There was a time, however, when I loved him and I tried to use as many connections as I could to arrange invitations to take him to places where I could show him off as a boyfriend. Several of these places and occasions were black tie events, and the first couple of times we went together, I wore a tuxedo I had owned since college and had bought second-hand when I sang in the glee club. There was a time, too, when he outgrew his own tuxedo and I took to wearing that one while he opted to dress in a more comfortable-fitting all-black suit, shirt, and tie. I never returned the tuxedo to him because I always hoped that there would be another place we could go together, but he did return to me, a year after we had broken up, some clothes that I had left behind at the summer house. He had decided to sell the house because he did not wish to go there alone anymore. In the bag he handed me were jeans I had left behind at that house that no longer fit my waist because I had fallen into a depression of eating and drinking too much. A few of the T-shirts still fit and they felt, when I put them on for the first time after an absence of months, like an old friend who had called on the phone and wanted to make sure I was doing all right.

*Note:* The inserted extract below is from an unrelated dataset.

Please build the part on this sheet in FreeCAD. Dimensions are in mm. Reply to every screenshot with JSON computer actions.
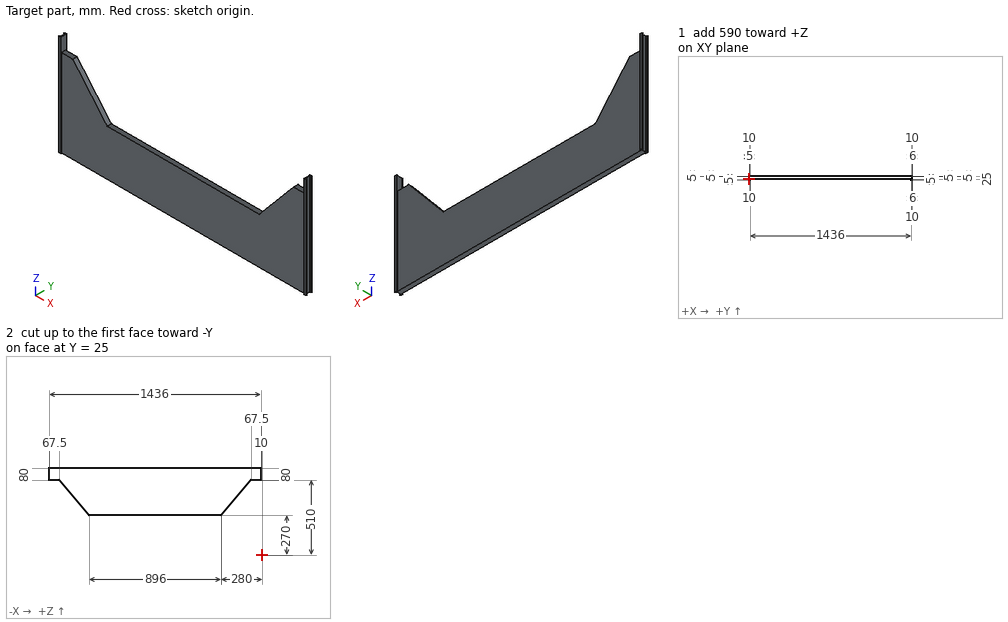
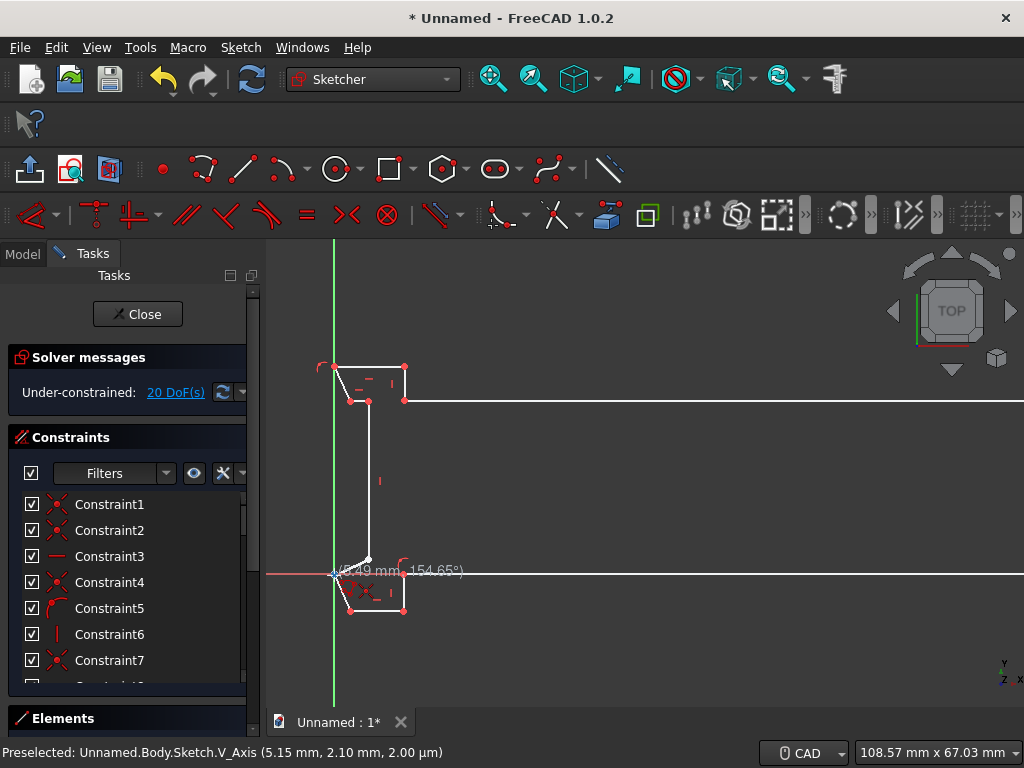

Not long ago I lost the baseball cap he had given to me when he went on a trip to Palm Springs. It was a brown khaki color with pale green lettering and a darker green palm tree between the words. The day I lost the cap I was shopping for winter coats. I had put it on when I left the house because it looked like it would rain and had taken it off to look at myself in the mirror when I tried on a coat in a store. When I got home, I realized I had left the cap behind on a display shelf. It saddened me to think that I had lost it in this way, that I had not tossed it out from anger or grief or relief but that it had simply disappeared because of my careless oversight. Sometimes when I wear my new coat I think about the missing hat. It was a good hat. And, at the time I wore it, it fit me well.